Покажи мне дорогу в ад — страница 80 из 98

Вышел на балкон. Море сияло, теплый воздух пах йодом, на пляже девушки танцевали тарантеллу, клоун раздавал детям воздушные шарики.

Включил телевизор. По одному каналу показывали передачу о здоровом образе жизни — «для тех, кому за семьдесят», по другому — о «флоре и фауне Австралии», по третьему — передавали репортаж о показе мод в Милане. Нашел новостной канал. Дикторы говорили так быстро, что не понял ничего, но, судя по картинкам и их улыбкам — ничего страшного в мире не происходило.

То жуткое, что случилось со мной вчера, припоминалось смутно.

Я помнил, что чиновник Морского управления долго мучил меня своей бессмысленной болтовней, а потом меня повесили за руки и долго били хлыстом. Затем меня вроде бы тащили по подземному ходу и заперли в пустой низкой камере, в которой я даже не мог сесть. Как я оттуда выбрался, я не помнил.

Все это происшествие было похоже на кино, которое я смотрел вчера. Вроде бы и страшно и больно, но ведь это только кино.

Еще раз внимательно осмотрел себя — ни царапины.

Принял душ, спустился в лобби, показал администратору паспорт (о, как же он обрадовался, даже запел популярную арию) и заплатил за три ночевки. Не хотелось уезжать из Отранто, не взглянув на знаменитую напольную мозаику в соборе.

За завтраком познакомился с той женщиной и ее сыном с желтыми волосами.

Ее, оказывается, звали Матильда, а ее сына — Фредерик, хотя она почему-то звала его Коки. Были они туристами из Австрии, приехавшими в Италию на недельку, «просто так, проветриться».

Говорил я с ними на моем плохом немецком.

Как-то удивительно скоро и Матильда и я ощутили взаимную симпатию, перешли на «ты» и решили вместе осмотреть собор Санта-Мария-Аннунциата.

Бедный Коки, когда узнал, что придется тащиться в церковь и провести там несколько часов, скорчил такую недовольную мину, что мать разрешила ему поиграть в электронные игры в игротеке для подростков недалеко от отеля, выпить кока-колы и съесть две порции его любимого фисташкового мороженого.

— Если тебе осточертеет играть в эти идиотские игры, то возвращайся в отель и жди меня там.

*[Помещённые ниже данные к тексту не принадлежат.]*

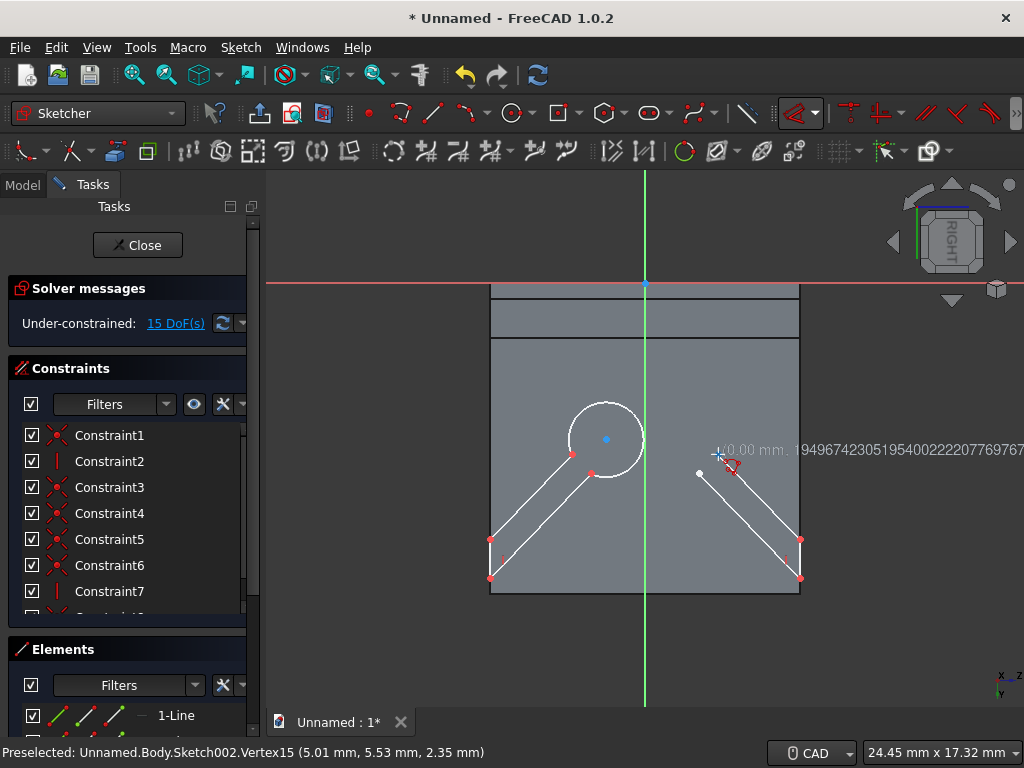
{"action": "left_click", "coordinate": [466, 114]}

Можешь посидеть на балконе в шезлонге и почитать Хемингуэя. Книжка — у меня в чемодане. Как раз для твоего возраста чтение. И английский у Хема простой. Прочитай «Снега Килиманджаро», а когда я приду, ты расскажешь мне сюжет. Иначе больше денег на мороженое не получишь!

По дороге в церковь мы беззаботно болтали. Глазели на сувениры в витринах многочисленных магазинчиков. Злословили. Нюхали заманчивые ароматы итальянской кухни.

Матильда рассказала мне о недавно пережитом кошмаре — разводе со вторым мужем. Коки был сыном первого мужа Матильды, студента из Конго, бросившего ее еще тогда, когда она лежала в больнице после тяжелых родов.

— Второй мой муж был белый, австриец. Респектабельный, добрый, с Коки у него все вроде бы ладилось. Поначалу он казался мне идеальным человеком. А потом… когда я ездила на похороны матери, а Коки оставила дома… Мне не хотелось, чтобы мой чернокожий сынок участвовал в похоронах, смотрел на мертвую бабушку, которая никогда не интересовалась его жизнью, а со мной прекратила все отношения, когда узнала, что я вышла замуж за негра. Да, потом, Коки рассказал мне, что муж приставал к нему, трогал его и шептал — не бойся, мама ничего не узнает.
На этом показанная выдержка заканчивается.